■ **About this exercise**:
Of the lines in the data below, write out exactly those from the one holding "0) x (0, 1, 0)" through the one holding "circle A1 centre", both included.

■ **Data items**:
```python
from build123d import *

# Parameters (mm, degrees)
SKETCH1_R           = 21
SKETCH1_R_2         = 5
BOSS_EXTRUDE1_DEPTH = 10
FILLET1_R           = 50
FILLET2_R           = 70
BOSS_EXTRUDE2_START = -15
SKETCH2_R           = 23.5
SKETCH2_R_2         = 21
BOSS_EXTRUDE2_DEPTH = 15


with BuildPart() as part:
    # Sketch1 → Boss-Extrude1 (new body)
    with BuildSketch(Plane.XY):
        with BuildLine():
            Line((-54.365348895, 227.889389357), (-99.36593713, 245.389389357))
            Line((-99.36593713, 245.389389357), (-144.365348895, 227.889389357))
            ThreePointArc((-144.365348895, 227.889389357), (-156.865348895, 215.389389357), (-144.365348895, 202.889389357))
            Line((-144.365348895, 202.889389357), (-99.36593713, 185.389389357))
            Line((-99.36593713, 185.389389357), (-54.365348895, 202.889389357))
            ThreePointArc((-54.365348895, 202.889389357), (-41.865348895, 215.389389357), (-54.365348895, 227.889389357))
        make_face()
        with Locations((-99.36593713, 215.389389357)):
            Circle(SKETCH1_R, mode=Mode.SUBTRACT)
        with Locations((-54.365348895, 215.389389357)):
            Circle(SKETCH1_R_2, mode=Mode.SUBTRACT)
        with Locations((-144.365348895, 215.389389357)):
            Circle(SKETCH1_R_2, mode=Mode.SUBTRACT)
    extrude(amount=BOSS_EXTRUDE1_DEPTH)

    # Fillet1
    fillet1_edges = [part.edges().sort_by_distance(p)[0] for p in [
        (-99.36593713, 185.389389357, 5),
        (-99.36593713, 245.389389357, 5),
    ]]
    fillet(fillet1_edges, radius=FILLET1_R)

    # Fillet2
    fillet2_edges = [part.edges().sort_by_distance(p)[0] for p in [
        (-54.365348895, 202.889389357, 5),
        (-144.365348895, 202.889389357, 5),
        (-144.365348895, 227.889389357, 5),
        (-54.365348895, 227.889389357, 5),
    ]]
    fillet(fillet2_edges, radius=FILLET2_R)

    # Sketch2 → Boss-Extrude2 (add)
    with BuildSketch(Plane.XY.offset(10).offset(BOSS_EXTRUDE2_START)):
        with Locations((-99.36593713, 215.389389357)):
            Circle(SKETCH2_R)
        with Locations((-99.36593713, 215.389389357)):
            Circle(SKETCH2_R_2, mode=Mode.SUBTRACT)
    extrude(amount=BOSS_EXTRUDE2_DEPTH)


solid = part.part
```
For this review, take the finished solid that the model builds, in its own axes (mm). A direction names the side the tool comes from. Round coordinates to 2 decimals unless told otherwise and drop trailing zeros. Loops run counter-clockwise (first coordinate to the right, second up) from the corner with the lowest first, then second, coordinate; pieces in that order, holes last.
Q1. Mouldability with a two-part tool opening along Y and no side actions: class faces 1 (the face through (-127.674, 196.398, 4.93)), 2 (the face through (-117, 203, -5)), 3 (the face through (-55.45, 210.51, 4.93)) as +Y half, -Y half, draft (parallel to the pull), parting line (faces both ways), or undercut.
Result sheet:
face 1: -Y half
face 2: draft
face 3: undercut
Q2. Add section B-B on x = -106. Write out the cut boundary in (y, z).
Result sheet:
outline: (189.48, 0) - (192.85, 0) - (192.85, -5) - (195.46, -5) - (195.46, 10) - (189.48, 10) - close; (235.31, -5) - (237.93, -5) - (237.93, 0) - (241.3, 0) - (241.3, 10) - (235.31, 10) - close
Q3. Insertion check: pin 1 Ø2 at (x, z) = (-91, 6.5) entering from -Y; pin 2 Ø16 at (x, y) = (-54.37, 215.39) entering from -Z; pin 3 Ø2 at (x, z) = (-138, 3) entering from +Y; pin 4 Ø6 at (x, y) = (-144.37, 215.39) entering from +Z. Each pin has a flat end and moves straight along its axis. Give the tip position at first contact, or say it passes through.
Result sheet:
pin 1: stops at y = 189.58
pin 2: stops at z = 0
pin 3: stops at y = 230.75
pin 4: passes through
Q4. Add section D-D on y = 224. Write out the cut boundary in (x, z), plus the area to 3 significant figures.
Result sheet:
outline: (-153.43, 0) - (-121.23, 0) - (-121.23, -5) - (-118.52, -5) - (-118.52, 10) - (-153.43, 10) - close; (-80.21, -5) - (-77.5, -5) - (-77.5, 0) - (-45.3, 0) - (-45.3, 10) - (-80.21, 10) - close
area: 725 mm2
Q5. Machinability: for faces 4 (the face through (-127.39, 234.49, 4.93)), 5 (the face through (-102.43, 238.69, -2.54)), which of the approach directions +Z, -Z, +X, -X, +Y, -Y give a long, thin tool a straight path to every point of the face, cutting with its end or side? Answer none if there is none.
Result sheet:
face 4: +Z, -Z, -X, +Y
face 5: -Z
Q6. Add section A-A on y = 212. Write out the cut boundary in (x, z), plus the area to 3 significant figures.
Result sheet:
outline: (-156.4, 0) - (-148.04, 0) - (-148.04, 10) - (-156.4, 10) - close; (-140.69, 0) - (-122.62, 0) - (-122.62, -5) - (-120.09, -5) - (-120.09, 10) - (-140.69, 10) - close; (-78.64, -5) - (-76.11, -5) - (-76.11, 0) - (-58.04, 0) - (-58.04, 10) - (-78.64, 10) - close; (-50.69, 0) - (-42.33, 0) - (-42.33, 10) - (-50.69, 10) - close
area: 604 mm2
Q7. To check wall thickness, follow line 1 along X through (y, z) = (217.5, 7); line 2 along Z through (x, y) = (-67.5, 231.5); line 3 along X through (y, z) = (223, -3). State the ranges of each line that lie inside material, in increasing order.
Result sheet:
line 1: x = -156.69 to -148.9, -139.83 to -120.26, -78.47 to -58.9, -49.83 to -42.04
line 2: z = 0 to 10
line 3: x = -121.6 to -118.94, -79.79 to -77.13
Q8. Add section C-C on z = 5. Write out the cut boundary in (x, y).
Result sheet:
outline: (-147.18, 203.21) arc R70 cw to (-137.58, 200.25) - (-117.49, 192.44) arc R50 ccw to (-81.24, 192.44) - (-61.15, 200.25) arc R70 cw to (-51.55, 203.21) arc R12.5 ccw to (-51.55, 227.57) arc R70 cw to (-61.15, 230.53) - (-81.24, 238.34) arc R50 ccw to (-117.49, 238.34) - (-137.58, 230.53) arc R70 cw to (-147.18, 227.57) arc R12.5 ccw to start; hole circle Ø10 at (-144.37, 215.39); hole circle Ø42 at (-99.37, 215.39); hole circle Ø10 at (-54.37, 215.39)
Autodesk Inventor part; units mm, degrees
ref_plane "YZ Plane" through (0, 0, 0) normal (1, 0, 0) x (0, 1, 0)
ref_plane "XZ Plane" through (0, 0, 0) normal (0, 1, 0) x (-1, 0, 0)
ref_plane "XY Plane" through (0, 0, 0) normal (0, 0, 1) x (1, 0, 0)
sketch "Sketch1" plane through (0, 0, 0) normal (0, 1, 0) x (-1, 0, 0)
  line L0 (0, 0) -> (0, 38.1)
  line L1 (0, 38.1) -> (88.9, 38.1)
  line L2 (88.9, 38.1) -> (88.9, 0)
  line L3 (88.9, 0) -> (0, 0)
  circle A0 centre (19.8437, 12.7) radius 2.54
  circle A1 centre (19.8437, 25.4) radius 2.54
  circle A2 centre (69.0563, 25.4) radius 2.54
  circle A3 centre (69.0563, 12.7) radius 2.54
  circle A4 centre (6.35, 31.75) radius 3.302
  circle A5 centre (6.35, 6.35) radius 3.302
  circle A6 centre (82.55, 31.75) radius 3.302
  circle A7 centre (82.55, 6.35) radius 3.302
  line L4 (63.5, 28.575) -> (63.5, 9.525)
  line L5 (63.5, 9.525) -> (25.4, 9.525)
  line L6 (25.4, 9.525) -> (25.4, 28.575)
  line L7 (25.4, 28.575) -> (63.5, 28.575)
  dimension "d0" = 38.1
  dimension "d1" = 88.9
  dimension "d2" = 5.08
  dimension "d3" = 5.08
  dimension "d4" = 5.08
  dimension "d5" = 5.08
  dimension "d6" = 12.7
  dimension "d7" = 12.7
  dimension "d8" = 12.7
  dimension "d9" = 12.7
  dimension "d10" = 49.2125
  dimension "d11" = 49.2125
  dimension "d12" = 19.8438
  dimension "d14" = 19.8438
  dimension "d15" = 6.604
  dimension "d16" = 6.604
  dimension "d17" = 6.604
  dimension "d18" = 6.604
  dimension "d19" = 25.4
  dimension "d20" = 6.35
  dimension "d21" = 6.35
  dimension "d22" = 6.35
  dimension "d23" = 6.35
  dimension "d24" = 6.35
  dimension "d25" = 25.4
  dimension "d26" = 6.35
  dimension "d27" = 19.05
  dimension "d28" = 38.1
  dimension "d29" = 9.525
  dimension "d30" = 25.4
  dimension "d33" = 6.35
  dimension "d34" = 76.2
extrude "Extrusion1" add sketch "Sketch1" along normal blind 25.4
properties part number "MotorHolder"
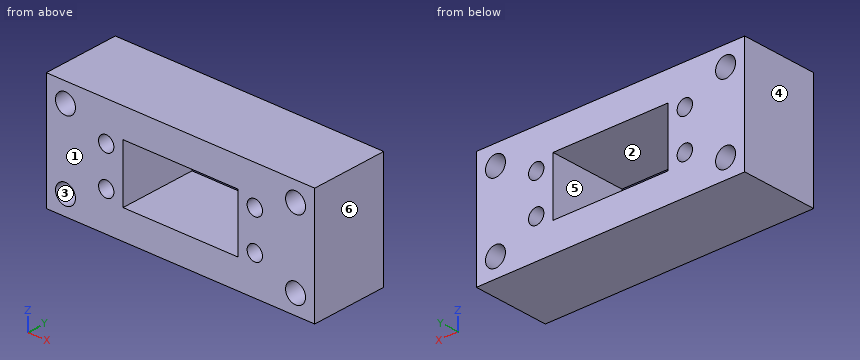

■ **Output below**:
ref_plane "YZ Plane" through (0, 0, 0) normal (1, 0, 0) x (0, 1, 0)
ref_plane "XZ Plane" through (0, 0, 0) normal (0, 1, 0) x (-1, 0, 0)
ref_plane "XY Plane" through (0, 0, 0) normal (0, 0, 1) x (1, 0, 0)
sketch "Sketch1" plane through (0, 0, 0) normal (0, 1, 0) x (-1, 0, 0)
  line L0 (0, 0) -> (0, 38.1)
  line L1 (0, 38.1) -> (88.9, 38.1)
  line L2 (88.9, 38.1) -> (88.9, 0)
  line L3 (88.9, 0) -> (0, 0)
  circle A0 centre (19.8437, 12.7) radius 2.54
  circle A1 centre (19.8437, 25.4) radius 2.54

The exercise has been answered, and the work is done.